**The problem**
Repeat the records below exactly, leaving out any pictures.

**Records from a data collection**
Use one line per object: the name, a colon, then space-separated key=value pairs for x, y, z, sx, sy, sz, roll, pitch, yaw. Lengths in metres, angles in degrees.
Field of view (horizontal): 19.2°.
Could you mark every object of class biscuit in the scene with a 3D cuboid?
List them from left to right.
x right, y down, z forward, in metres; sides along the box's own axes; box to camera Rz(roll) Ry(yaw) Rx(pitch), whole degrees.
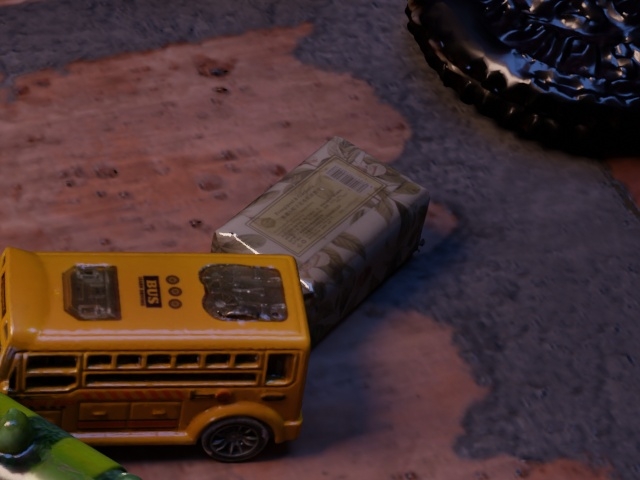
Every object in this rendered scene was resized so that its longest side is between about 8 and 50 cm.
biscuit: x=0.137 y=-0.117 z=1.002 sx=0.194 sy=0.053 sz=0.195 roll=6 pitch=43 yaw=-6

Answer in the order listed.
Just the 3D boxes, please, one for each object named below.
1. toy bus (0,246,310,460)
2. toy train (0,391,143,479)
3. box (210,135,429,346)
toy bus: x=-0.088 y=0.044 z=0.772 sx=0.162 sy=0.074 sz=0.070 roll=1 pitch=45 yaw=-12
toy train: x=-0.117 y=0.099 z=0.667 sx=0.200 sy=0.132 sz=0.083 roll=25 pitch=46 yaw=19
box: x=0.000 y=0.000 z=0.856 sx=0.062 sy=0.045 sz=0.098 roll=33 pitch=49 yaw=22

**Response to this task**
Use one line per object: the name, a colon, then space-separated key=value pairs for x, y, z, sx, sy, sz, roll, pitch, yaw. Lengths in metres, angles in degrees.
Field of view (horizontal): 19.2°.
Could you mark every object of class biscuit in the scene with a 3D cuboid?
List them from left to right.
x right, y down, z forward, in metres; sides along the box's own axes; box to camera Rz(roll) Ry(yaw) Rx(pitch), whole degrees.
Every object in this rendered scene was resized so that its longest side is between about 8 and 50 cm.
biscuit: x=0.137 y=-0.117 z=1.002 sx=0.194 sy=0.053 sz=0.195 roll=6 pitch=43 yaw=-6

Answer in the order listed.
Just the 3D boxes, please, one for each object named below.
1. toy bus (0,246,310,460)
2. toy train (0,391,143,479)
3. box (210,135,429,346)
toy bus: x=-0.088 y=0.044 z=0.772 sx=0.162 sy=0.074 sz=0.070 roll=1 pitch=45 yaw=-12
toy train: x=-0.117 y=0.099 z=0.667 sx=0.200 sy=0.132 sz=0.083 roll=25 pitch=46 yaw=19
box: x=0.000 y=0.000 z=0.856 sx=0.062 sy=0.045 sz=0.098 roll=33 pitch=49 yaw=22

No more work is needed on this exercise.